The Radeon Pro VII also has the very high double precision. Which could be the reason. Not sure about that, as the Vega II Duo cards have much higher performance than the Radeon Pro W6800X Duo cards. But he clearly stated he needs a lot of VRAM

View attachment 2534061

According to duck.ai - "FP64, or double-precision floating-point format, is not particularly important for hash cracking since hash algorithms primarily rely on integer math rather than floating-point calculations. Therefore, improvements in FP64 performance do not significantly impact the efficiency of password cracking tasks."
 
I have been searching again. Seems like the Infinity Fabric link came in two versions.

38_amd-radeon-pro-vii-press-release.jpg


There was an old optional sync card that supported the VIIs. Only adding that as a curiosity.

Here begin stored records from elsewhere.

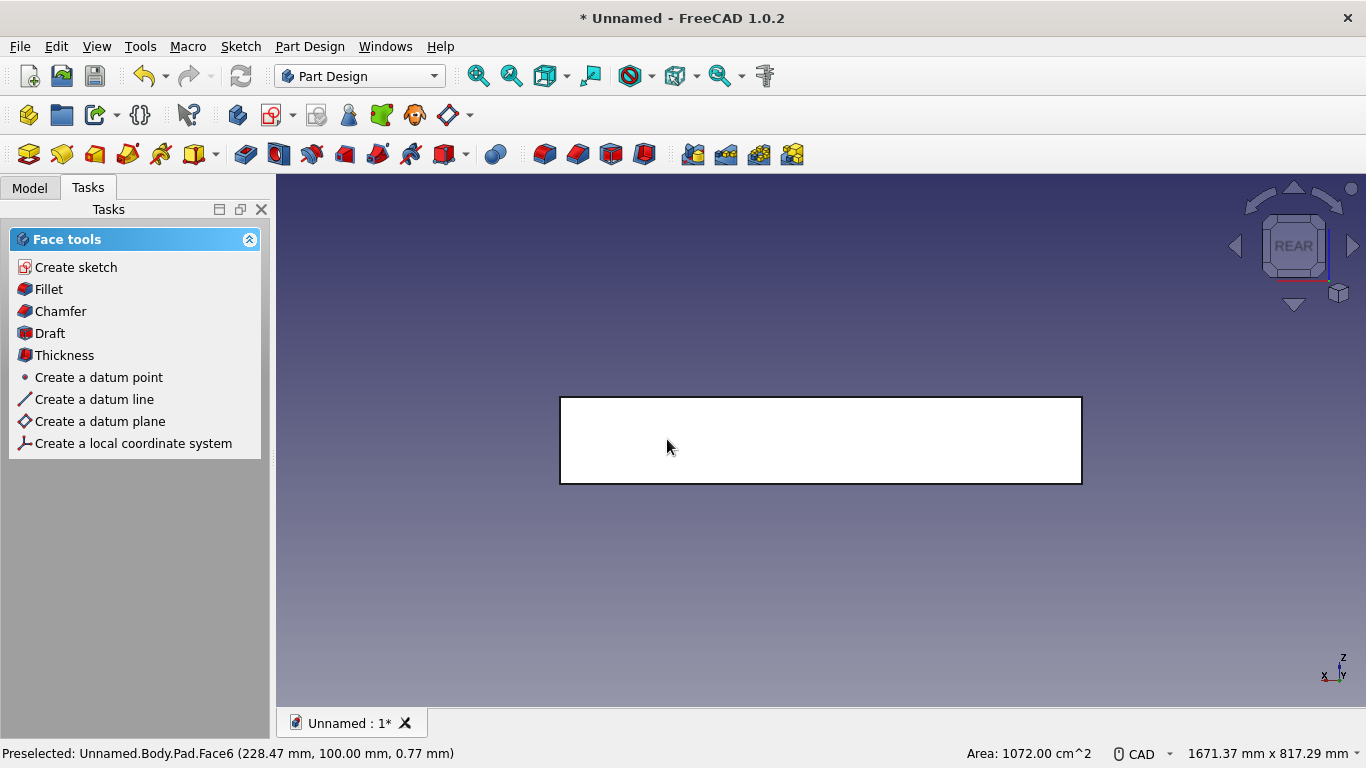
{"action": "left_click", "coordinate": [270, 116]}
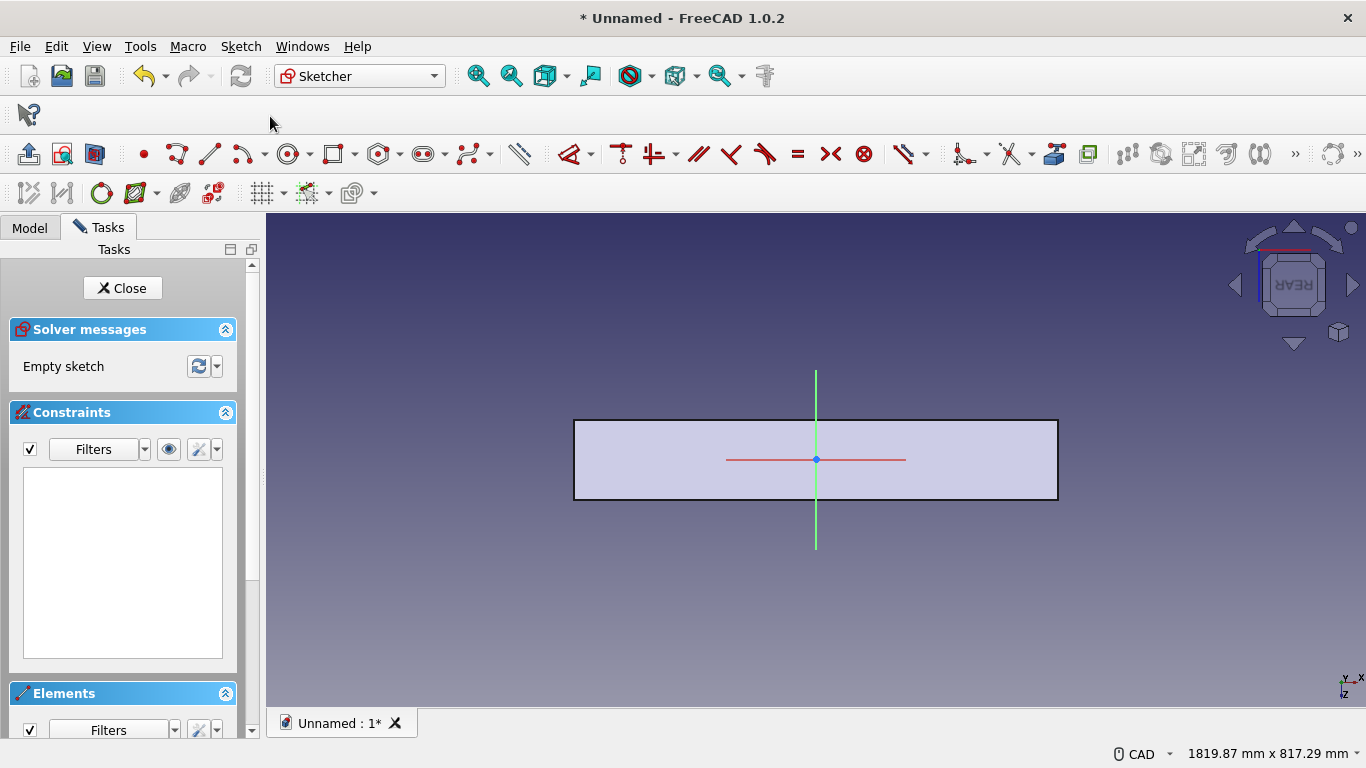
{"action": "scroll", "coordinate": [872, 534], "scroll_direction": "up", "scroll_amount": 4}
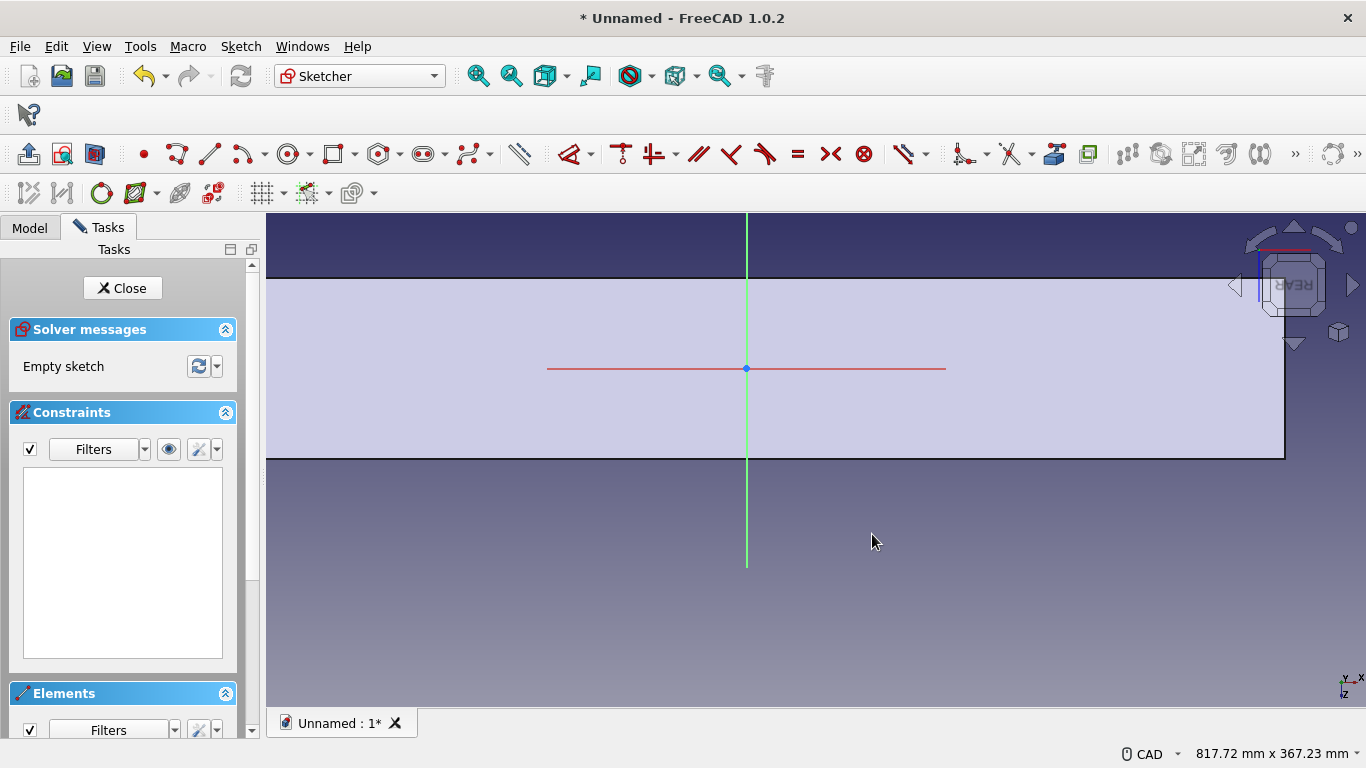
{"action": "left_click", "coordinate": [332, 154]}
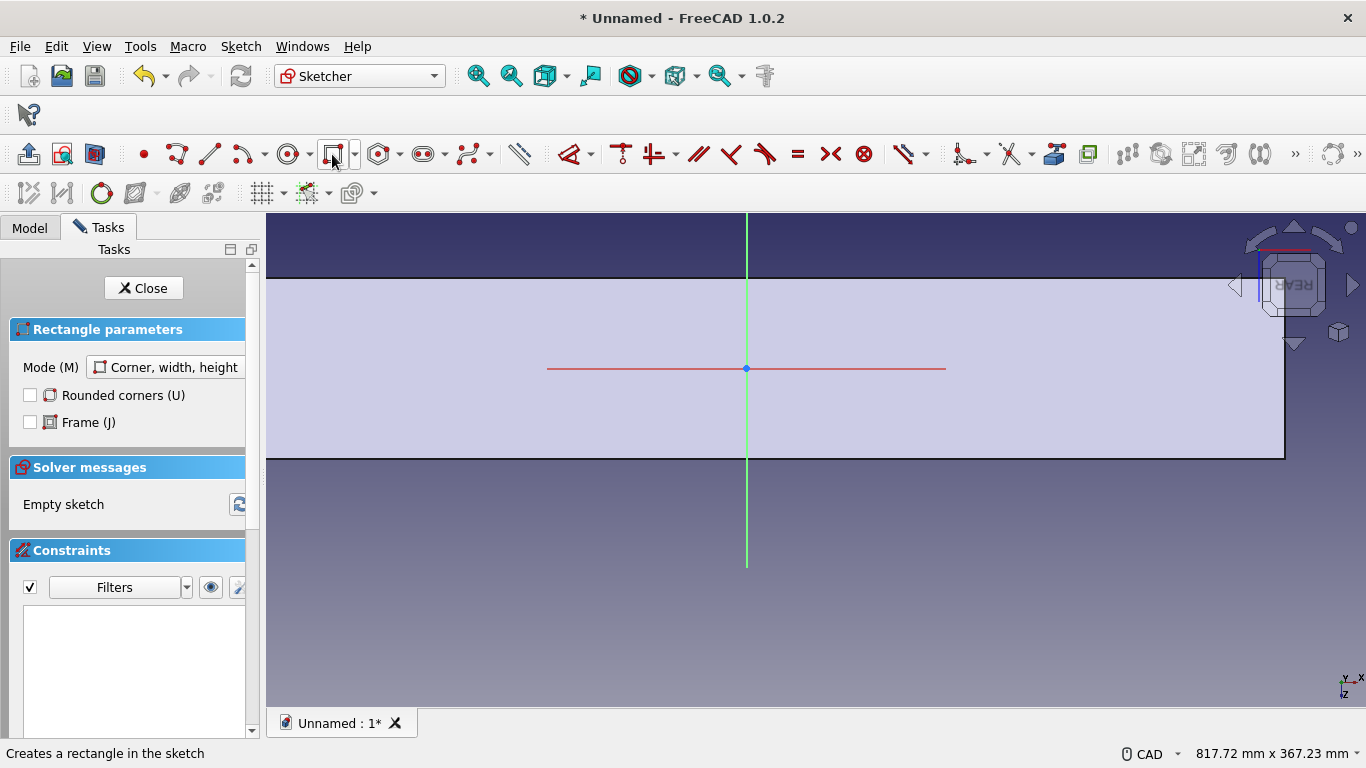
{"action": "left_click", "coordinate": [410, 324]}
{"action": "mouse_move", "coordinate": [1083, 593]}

31_amd-radeon-pro-vii-press-release.jpg


 
@mode11, thanks for the discussion:

In reviewing my posts, I definitely wasn’t as clear as intended. This thread was partially stream of consciousness as I got ready to order the gear and then assemble. I’m building on a moribund platform, but enjoy maxing out yesterday’s best to see what it can still offer. They’re damn capable, and cheaper by the day (for now).

I would also like to document this journey (however poorly) in order to give back to the general PC enthusiast community (but especially the Mac Pro) that has enriched my life in many ways.

I’ll try to elucidate on general objectives and how they drove individual component choices, even though they aren’t the latest, greatest, or most specialized tools.

I want a long-term primary battlestation:

- robust / solid build quality & reliability
- spare parts availability
- internal and external PCIe expansion
- upgradeable subsystems
- sufficient internal volume to cram a load of hardware
- capable enough to easily ingest and process large (workstation sized not cluster) projects and datasets from any discipline without impacting general UI responsiveness
- unobtrusive presence
- operate silently
- run Big Sur natively (not ready to proxmox or FreeBSD this one just yet)
- be interesting and of use to the community, especially as prices keep dropping

Regarding some of your points:

Hashcat and general MacOS forensics:

I have a dedicated cluster of Hackintoshed & proxmoxed HP Z820s & Z840s for long term jobs. MP2019 would only be for ‘low-hanging fruit’. Anything I might run an attack on for a few minutes or overnight. If it takes too long, I’ll pass the job off to the cluster. UI must remain responsive for whatever else I might do at the same time - including some Starcraft 2.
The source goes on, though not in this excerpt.